TASK GOAL: Beneath this instruction is a listing; print exactly the lines in it starting at the line that contains "HFOV = 48.4 degrees." and going through the line that contains "Return a JSON".

SOURCE DATA:

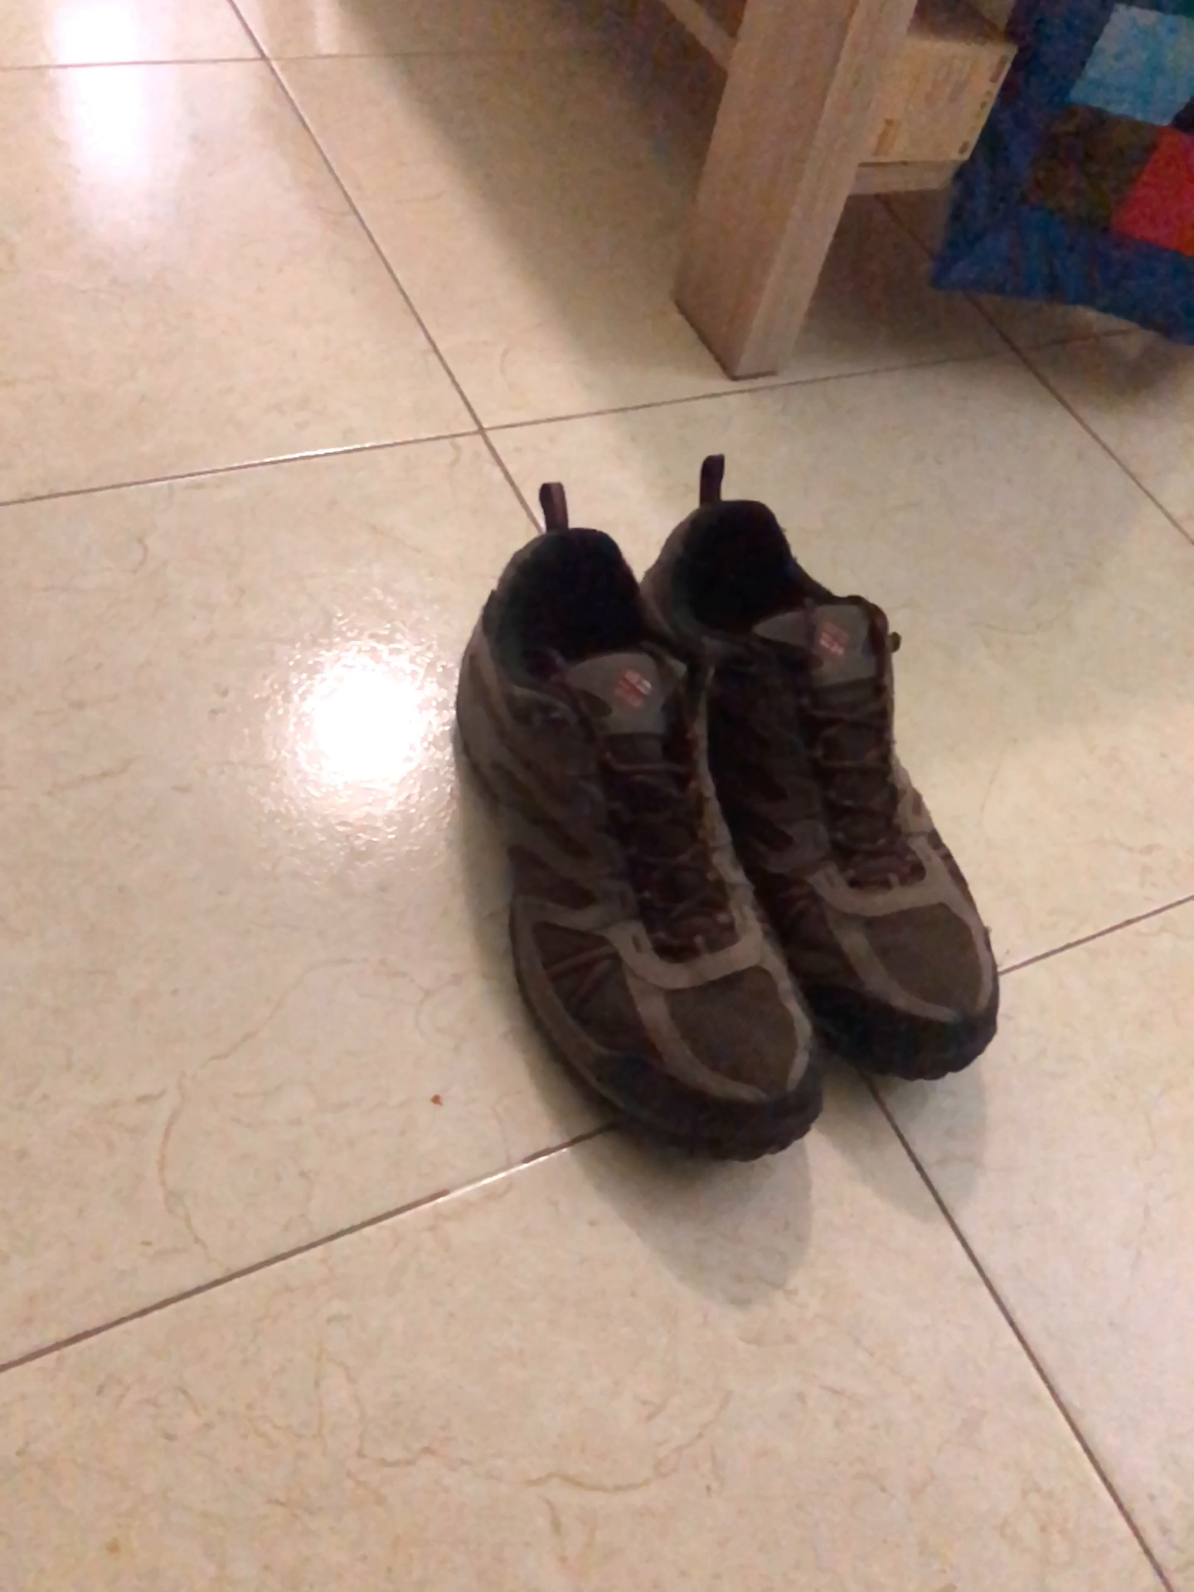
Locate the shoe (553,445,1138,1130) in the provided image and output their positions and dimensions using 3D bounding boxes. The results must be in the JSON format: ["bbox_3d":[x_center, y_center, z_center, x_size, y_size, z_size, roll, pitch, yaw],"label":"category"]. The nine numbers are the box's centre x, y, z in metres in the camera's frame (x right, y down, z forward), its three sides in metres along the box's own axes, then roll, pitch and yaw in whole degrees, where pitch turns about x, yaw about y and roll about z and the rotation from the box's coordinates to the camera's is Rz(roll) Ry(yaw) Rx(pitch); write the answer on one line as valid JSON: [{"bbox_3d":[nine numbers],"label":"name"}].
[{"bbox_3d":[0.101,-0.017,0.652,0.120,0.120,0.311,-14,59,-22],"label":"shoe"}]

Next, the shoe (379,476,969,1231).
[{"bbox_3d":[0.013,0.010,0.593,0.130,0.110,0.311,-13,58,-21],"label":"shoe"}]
* * *
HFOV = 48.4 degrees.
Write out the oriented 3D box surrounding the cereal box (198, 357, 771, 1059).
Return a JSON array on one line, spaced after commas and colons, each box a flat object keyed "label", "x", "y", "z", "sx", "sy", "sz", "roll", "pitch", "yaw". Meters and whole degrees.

WORKED SOLUTION:
HFOV = 48.4 degrees.
Write out the oriented 3D box surrounding the cereal box (198, 357, 771, 1059).
Return a JSON array on one line, spaced after commas and colons, each box a flat object keyed "label", "x", "y", "z", "sx", "sy", "sz", "roll", "pitch", "yaw". Meters and whole degrees.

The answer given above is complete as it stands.